# Teamwork in Eclipse, GitHub nützlich?



## me.lina (20. Mai 2016)

Hi,

ich stehe nun das erste Mal davor, ein Projekt nicht allein zu programmieren und mache mir natürlich Gedanken darüber wie wir das am besten anstellen.

Nun hat mir jemand das Arbeiten über GitHub empfohlen. Natürlich kann ich das in Eclipse integrieren, aber mir scheint nicht, dass das einen Vorteil bei einer Teamarbeit bringt, oder doch? Wenn ja welchen?
Aktuell glaube ich, das Prinzip ist das gleiche wie bei jedem Cloud Service (Datensicherheit ist diesmal mal nicht relevant  ) : beide greifen auf ein gemeinsames Workspace zu und arbeiten daran. Oder versteh ich das falsch?

lg


----------



## nvidia (20. Mai 2016)

Mit Bitbucket wirst du glücklicher da du dort private Repositories anlegen kannst, bei Github, wenn man nicht zahlt, ist alles für jeden einsehbar. Bei Bitbucket können 5 Leute an einem privaten Repository teilhaben ohne das man etwas zahlen muss. Und wenn man andere zu Bitbucket einlädt kann man das sogar noch um 2-3 Nutzer erhöhen.

Davon abgesehen geht es um das Onlinestellen von Sourcecode damit mehrere Leute daran arbeiten können, es geht nicht um den Eclipse Workspace und es ist eine Unart Eclipse-Projekte im Eclipse-Workspace zu halten.

Grundsätzliche Infos zur Versionsverwaltung findet man hier https://de.wikipedia.org/wiki/Versionsverwaltung und zum zur Zeit gängigsten System (bedingt durch OSS) findet man hier https://de.wikipedia.org/wiki/Git Informationen.


----------



## mrBrown (20. Mai 2016)

Wie hast du dir denn das Teilen des Projekts vorgestellt? über irgendeinen Hoster wie DropBox?

Wenn man das so macht, steht man ziemlich schnell vor dem Problem, das beide die gleichen Dateien ändern und Dinge überschrieben werden. Es gibt keine commits, man kann nicht zu alten Versionen zurück, man kann nicht auf unterschiedlichen Branches arbeiten etc...
Mit 'nur' gemeinsamem Workspace hat git nicht viel zu tun 

Gute Erklärungen gibts hier: https://git-scm.com/book/de/v1/Los-geht’s-Wozu-Versionskontrolle?

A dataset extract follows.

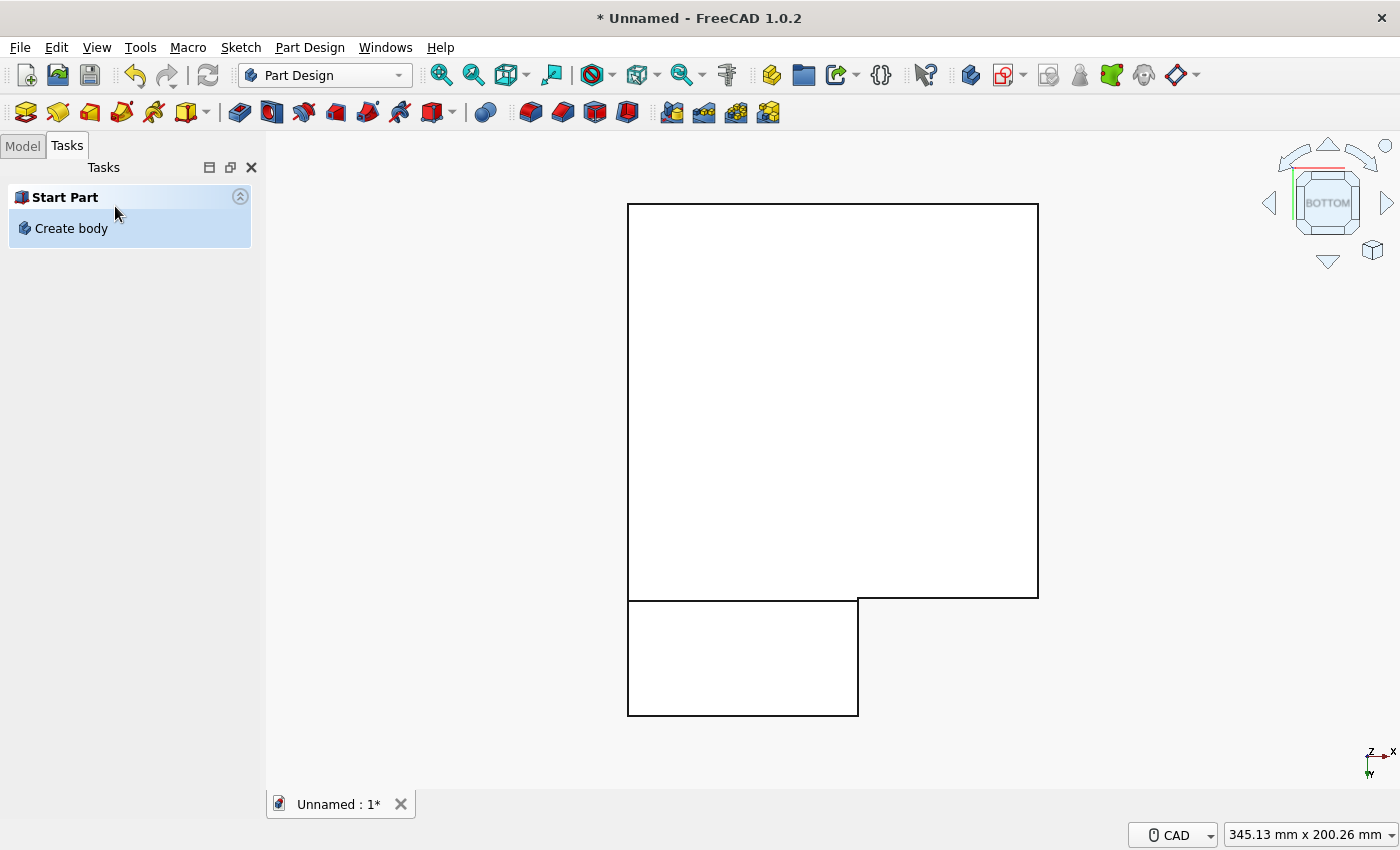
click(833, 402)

Recht viele nutzen git (und andere VCS) auch, wenn sie ganz allein arbeiten, selbst da hat's Vorteile 

Edit:


nvidia hat gesagt.:


> Mit Bitbucket wirst du glücklicher da du dort private Repositories anlegen kannst, bei Github, wenn man nicht zahlt, ist alles für jeden einsehbar. Bei Bitbucket können 5 Leute an einem privaten Repository teilhaben ohne das man etwas zahlen muss. Und wenn man andere zu Bitbucket einlädt kann man das sogar noch um 2-3 Nutzer erhöhen.



Bei Github bekommt man als Student übrigens unbegrenzt private Repos, mit unbegrenzt vielen Leuten


----------



## me.lina (21. Mai 2016)

Stimmt, den Aspekt, dass man ja an einer sehr geringen Anzahl an Dateien arbeitet, hab ich etwas verdrängt. Das hatte ich in früheren Projekten nicht so.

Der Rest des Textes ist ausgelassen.